~*~

Blog o tematyce shonen-ai. Nie tolerujesz - wyjdź.

Kontakt:
Twitter: @_diversefail
GG: 44515193
E-mail: 69kaoru666@gmail.com

piątek, 5 kwietnia 2013

Dlaczego?

N/A: Napisane pod wpływem złego nastroju, dołującej piosenki i zmęczenia, więc mogą się pojawić błędy.

  Od najmłodszych lat wszyscy wokół utwierdzali mnie w przekonaniu, że jestem nienormalna, bo odrywam wszystkim lalkom, niby tak lubianym przez małe dziewczynki, głowy, czy też znęcam się nad innymi. ,,To nie przystoi takiej dziewczynce" - powtarzali. Unikali mnie, a ja chodziłam święcie przekonana, że mi to nie przeszkadza. Rodzinie natomiast wydawało się, że chcę być sama, że wolę pustkę mojego pełnego pluszaków i zabawek pokoju od ludzi. Mylili się. Tak na prawdę nie lubiłam być sama - bałam się tego. Przez otaczające mnie istoty byłam samotna.
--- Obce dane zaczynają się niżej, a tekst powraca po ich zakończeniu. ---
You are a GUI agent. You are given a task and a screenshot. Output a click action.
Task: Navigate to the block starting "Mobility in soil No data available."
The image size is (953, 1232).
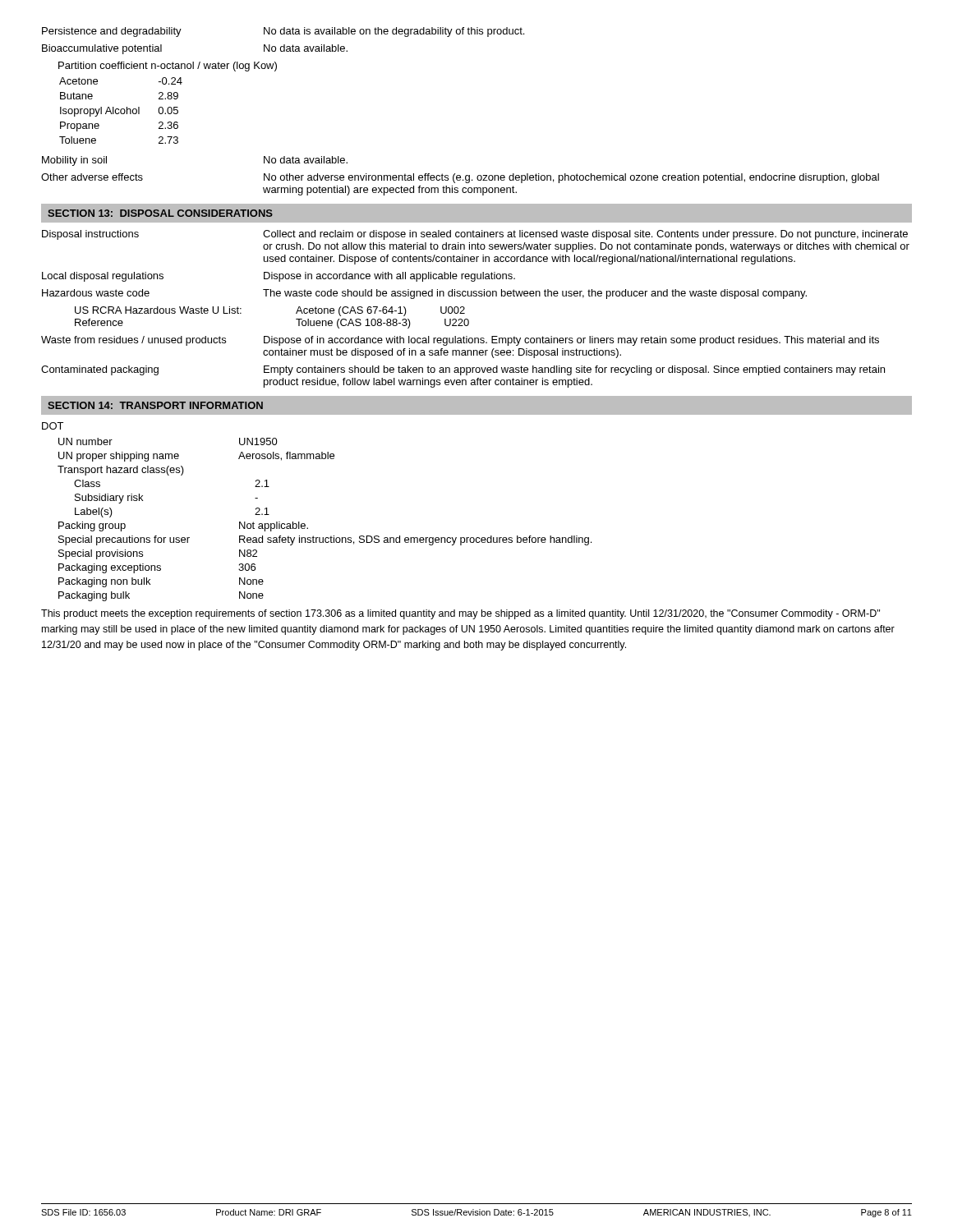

Mimo tylu osób, które mnie znały - cała szkoła kojarzyła mnie choćby z imienia czy opowieści tych, co mnie ,,znają". Byli jak reporterzy - ze szczątków wiedzy o mojej marnej istocie tworzyli zmyślne historie przepełnione nienawiścią do mnie, a następnie rozgłaszali je wśród innych, by zyskać uznanie w ich oczach, a mnie oczernić. A ja na prawdę czułam się jak gwiazda, będąc głównym tematem wielu rozmów. Gwiazda oświetlona blaskiem nienawiści i obrzydzenia. Opuszczona przez wszystkich, odrzucona jak zużyta prezerwatywa do śmietnika, który w moim przypadku był całkiem sporym pokojem - moją własnością. Spędzam w nim kolejne lata, gnijąc wewnętrznie. Już nawet nie próbuję ,,poskładać" mojej zrujnowanej psychiki i poczucia własnej wartości. Nikt nie próbuje. Nigdy nie próbowali, choć kiedyś usłyszałam strzępek rozmowy moich rodzicieli: ,,trzeba ją wysłać do psychiatry". Te słowa wciąż odbijają się echem w mojej głowie, a gdy milkną na chwilę - są zastępowane pulsującym bólem rozciętego nadgarstka. Każda kolejna minuta, sekunda, mojej egzystencji dobija mnie coraz bardziej. Idąc do szkoły szepczę cicho w myślach, by to był tylko sen - żebym tylko nie musiała tam iść, żeby to się skończyło - wszak każdy koszmar ma swój koniec. Więc ten też musi mieć. I wszyscy to wiedzą - końcem istnienia jest śmierć. Często zastanawiam się po co jeszcze żyję. Prócz gitary akustycznej, kartek na które przelewam swoje myśli i ołówka nie mam nic. Wszystko straciłam... kiedy? Jak mogłam coś stracić, skoro nigdy nic nie zyskałam? Nadzieja na lepsze życie umarła wraz z moimi narodzinami. Więc dlaczego się nie zabiłam? Nie wiem, nie potrafię na to odpowiedzieć, nawet sobie. Zasnąć i się nie obudzić. Albo spłonąć skąpana we własnej krwi w nieskażonym ogniu. Równie pięknym co niszczycielskim.
  W głowie jednak tylko jedno pytanie: dlaczego?

3 komentarze:

Toshi pisze...

mmmmmmm ♥

ten one-shot opisuje moje uczucia. może niekoniecznie w tej chwili, ale codziennie czuję się tak. wiem, jak to jest.
na pewno zostanie mi to w pamięci i kiedyś wrócę do tego, na pewno. nie zapomnę.

błędów nie widzę.. lubię takie klimaty, takie opowiadania, one-shot' y.

dużo weny.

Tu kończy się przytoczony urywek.